Let $\mathbf{A} \in \mathbb{C}^{n \times n}$ be a non-zero matrix with Schur decomposition $\mathbf{A}=\mathbf{U}(\boldsymbol{\Lambda}+\mathbf{N}) \mathbf{U}^*$ where $\mathbf{U}$ is unitary, $\mathbf{N}$ is strictly upper triangular, and $\boldsymbol{\Lambda}=\operatorname{diag}\left(\begin{array}{lll}\lambda_1 & \cdots & \lambda_n\end{array}\right)$. Prove that if $\mathbf{A}$ is nonsingular with
$$
2\|\mathbf{N}\|_2 \leq \min _{1 \leq j \leq n}\left|\lambda_j\right|,
$$
then $\kappa_2(\mathbf{A}) \leq 3 \kappa_2(\mathbf{\Lambda})$.

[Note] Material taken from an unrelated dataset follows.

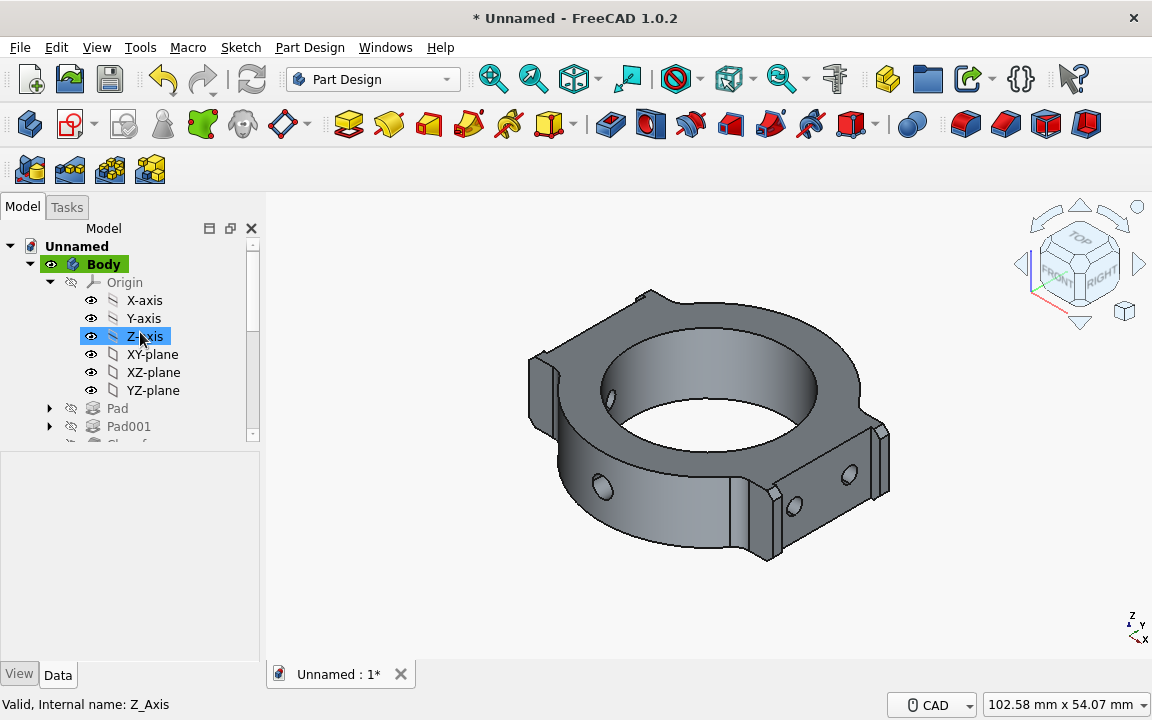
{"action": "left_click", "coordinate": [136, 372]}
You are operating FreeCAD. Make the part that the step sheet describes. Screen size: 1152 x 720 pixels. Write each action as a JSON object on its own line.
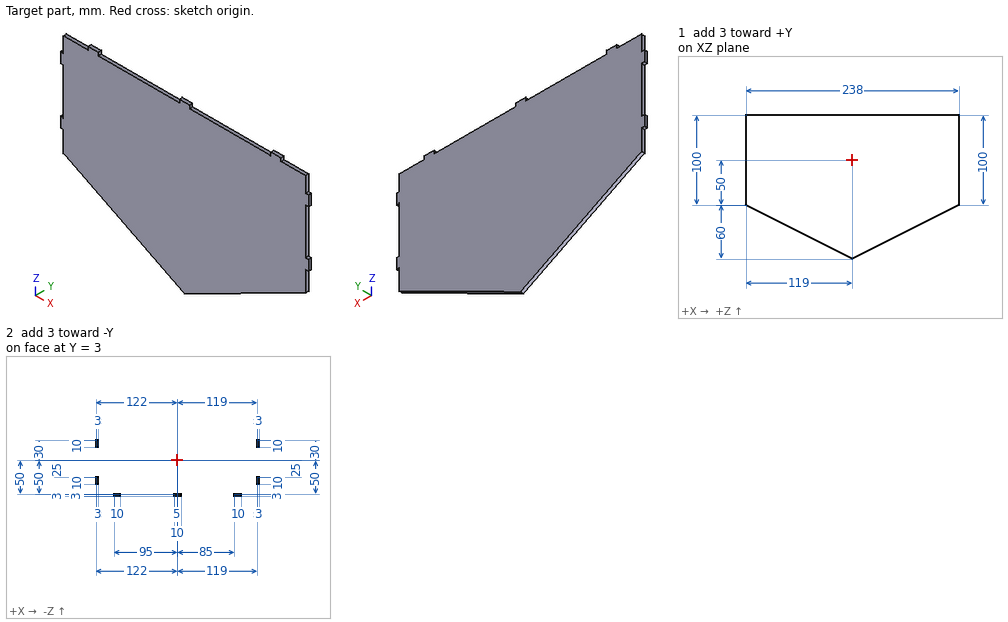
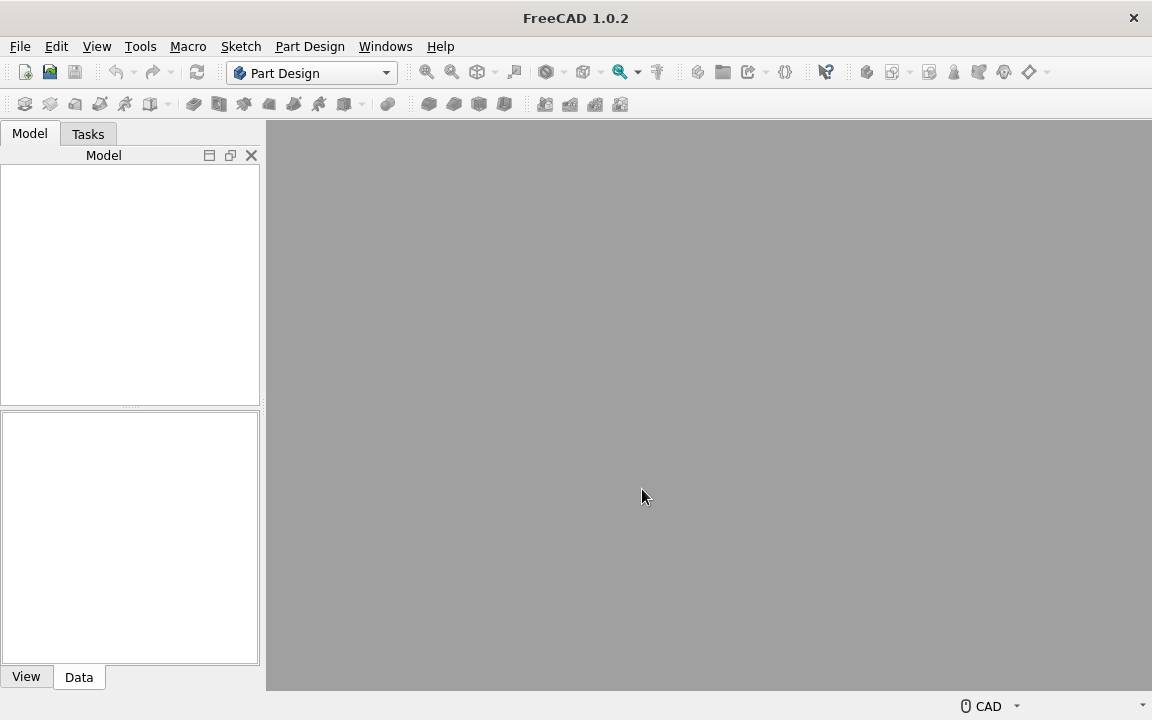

My understandng is that we can write down the Schur decomposition of $\mathbf{A}^{-1} = \mathbf{U} (\mathbf{\Lambda}^{-1} + \mathbf{M}) \mathbf{U}^*$. Then,
$$
\begin{aligned}
\kappa_2(\mathbf{A}) & = \|\mathbf{\Lambda} + \mathbf{N}\|_2 \|\mathbf{\Lambda}^{-1} + \mathbf{M}\|_2 \\
& \leqslant \left(\max |\lambda_j| + \frac{1}{2} \min |\lambda_j|\right) \left(\frac{1}{\min |\lambda_j|} + \|\mathbf{M}\|_2\right).
\end{aligned}
$$
However, I am not sure how to move forward. Should I seek for a different direction. Any suggestions?
Best Answer
Using part of your reasoning above, we have $$ \begin{align*} \|\mathbf{A}\|_2 &\le \|\mathbf{\Lambda}\|_2 + \|\mathbf{N}\|_2 \le \frac{3}{2} \|\mathbf{\Lambda}\|_2. \end{align*} $$ Thus, we'll be done if we can show $$\|\mathbf{A}^{-1}\|_2 \le 2 \|\mathbf\Lambda^{-1}\|_2$$ because then we'd have $$\kappa_2(\mathbf{A}) = \|\mathbf{A}\|_2 \|\mathbf{A}^{-1}\|_2 \le \left( \frac 3 2 \|\mathbf{\Lambda}\|\right) \left( 2 \| \mathbf{\Lambda}^{-1}\|_2\right) = 3 \kappa_2(\mathbf \Lambda).$$
Now to fill in that missing step above. Choose $\mathbf{v} \in \mathbb{C}^n$ with $\|\mathbf{v}\|_2 = 1$ and let $\mathbf{w} = \mathbf{A}^{-1} \mathbf{v}$. Then we have $$\begin{align*} 1 = \|\mathbf{v}\|_2 &= \|\mathbf{\Lambda} \mathbf{w} + \mathbf{N} \mathbf w \|_2 \\ &\ge \|\mathbf{\Lambda w}\|_2 - \| \mathbf{Nw}\|_2 \\ &\ge \big (\min |\lambda_j| - \|\mathbf{N}\|_2 \big ) \|\mathbf{w}\|_2 \\ &\ge \left(\frac 1 2 \min|\lambda_j|\right) \|\mathbf{w}\|_2 \\ \end{align*}$$
and rearranging gives $$\|\mathbf{w}\|_2 \le \frac{2}{\min |\lambda_j|} = 2 \|\mathbf{\Lambda}^{-1}\|_2$$
so we conclude $\|\mathbf{A}^{-1}\|_2 \le 2 \|\mathbf\Lambda^{-1}\|_2$ which completes the proof.